College Football: Making sense of CFB, look to Lane Kiffin
By Ronald Evans
Some college football fans find the rapid evolution of college football dizzying. It is the result of what most happens off the field. Those trying to make sense of new realities should look to Lane Kiffin.
Yes, the same Lane Kiffin who has been college football’s most mercurial coach for the last two decades. After six seasons as an assistant at USC, Kiffin at the age of 31, became Head Coach of the Oakland Raiders. Early in Kiffin’s second season at Oakland, owner Al Davis fired him, challenging not just Kiffin’s coaching ability, but also his character.
Kiffin landed on his feet as the head coach for the Tennessee Vols. Shortly after one season in Knoxville, Kiffin, having ruffled a host of SEC feathers, abruptly resigned to become the USC head coach. Kiffin made it through three seasons and five games with USC. Southern Cal AD, Pat Haden fired Kiffin at LAX in the middle of the night. The Trojans were at the airport returning from a loss to Arizona State.
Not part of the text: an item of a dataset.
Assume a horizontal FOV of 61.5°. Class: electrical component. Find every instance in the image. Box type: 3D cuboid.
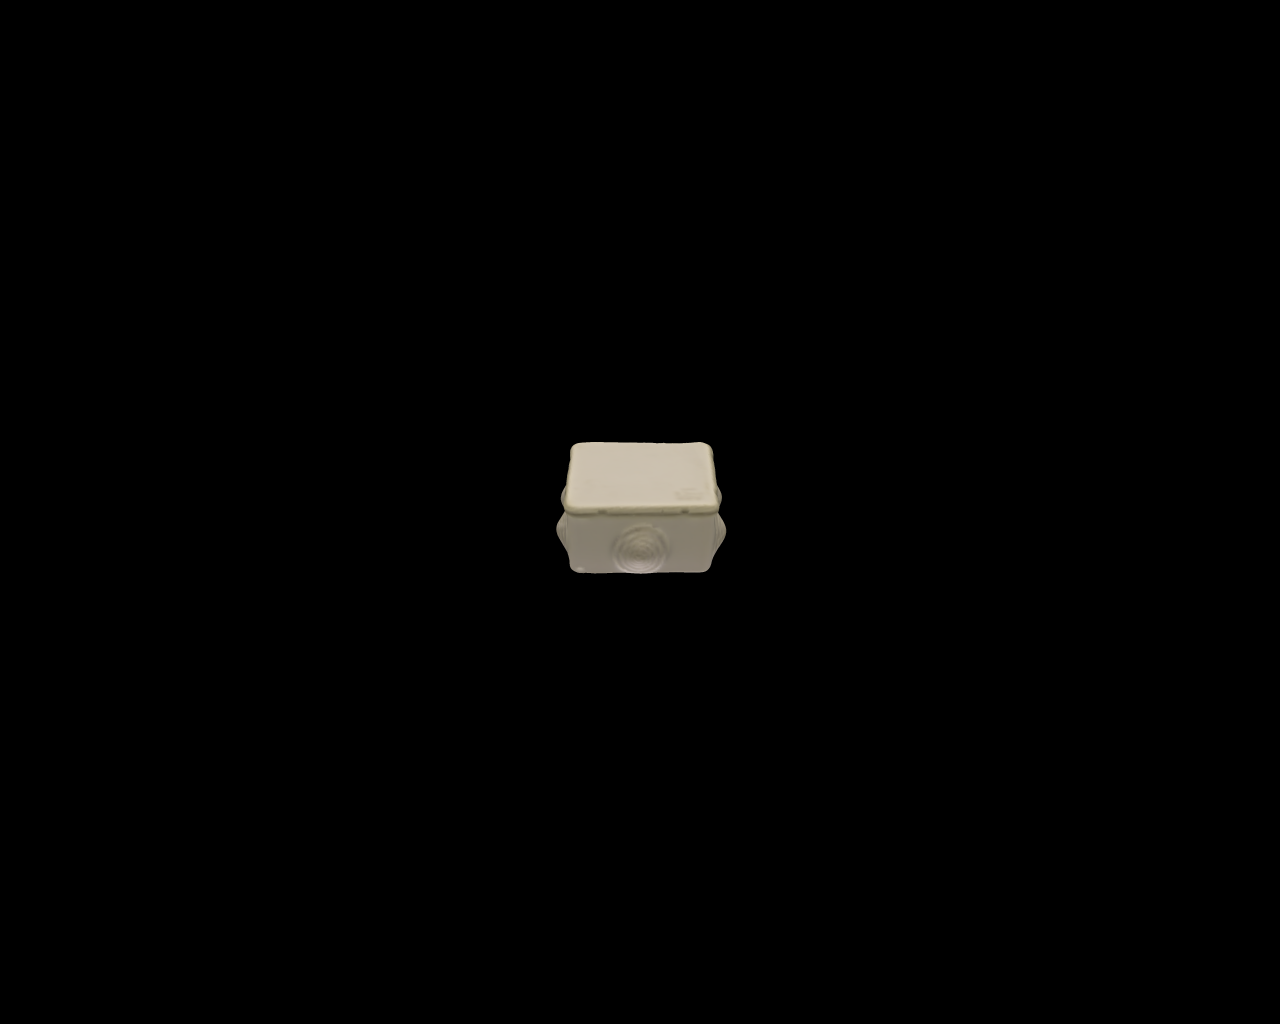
[{"bbox_3d":[0.001,-0.003,0.650,0.100,0.048,0.100,0,29,0],"label":"electrical component"}]

As Alabama football fans know well, Nick Saban salvaged Lane Kiffin’s career. Lane has repeatedly said the same thing about Saban. Though the end in Tuscaloosa was rocky for both men, Kiffin gained a passage back to being a head coach, at Florida Atlantic.
FAU improved under Kiffin, but when Ole Miss reached out in December 2019, it was a no-brainer for Kiffin to make the move to Oxford.
Recently Alex Scarborough sat down with Kiffin. Coming from the interview was an excellent piece about Kiffin and the Auburn job. At one point months ago, an inaccurate story was published that Lane had accepted the Auburn job.
Explaining why he stayed with Ole Miss, Kiffin said the turnover of head coaches at Auburn was not a concern. Even Auburn’s reputation for “meddlesome boosters” did not dissuade him. He stayed at Ole Miss for other reasons.
The reasons Kiffin passed on Auburn are several. But clearly, without NIL and the Transfer Portal Kiffin would not have believed he can win as big at Ole Miss as he might have at Auburn. As Scarborough points out, Kiffin does not love all of the new worlds of college football.
"Kiffin doesn’t love the current structure of NIL and the portal, and how intertwined they’ve become. He calls it like it is: semi-professional sports, albeit with almost no oversight, no salary cap and no contracts to keep players in place. The only limit is your imagination and the strength of your school’s NIL funding."
The new system means programs don’t have to rely as much on elite recruits and player development. Not dissimilar to NFL free agency, a coach can use the Portal and remake his roster every year.
The meat of Lane Kiffin’s new mindset
Kiffin believes players and coaches must have a “pro mindset.” That mindset is well explained in the quote below.
"These coaches sell parents on — especially in the south — come here, it’s family, we’re gonna treat you like family, I’m like, ‘No, they’re not.’ If it was family, then why do coaches bring kids in and say, ‘Hey, we want to help you transfer, it’d be better for you to transfer.’? You don’t do that to your family. So the whole family thing, I said, ‘We have to teach some reality that there’s a business side."
Imagine how that idea would have played in Auburn!
Lane Kiffin is not alone among college coaches rapidly adjusting to a new mindset. He is one of the most outspoken ones on issues most coaches want to avoid discussing. One example was holding on to his star running back after last season.
"If you don’t have a good collective, you’re going to lose your own players and then you’re really in trouble. I don’t care, you can pick an all-star coaching staff, if they don’t have a collective, they’re not going to win. So when you find a guy that wasn’t a five-star recruit — Quinshon — and you lose that, you can forget about it. How are you ever going to sign really good players? Because they’re going to say, ‘Wait, your own guy that was there and had all this success, he’s not even going to stay."
Lane Kiffin speaks truth about the semi-pro world of college football. And the ‘semi’ letters need to be in a smaller font. There is very little ‘semi’ in the world of big-time college football.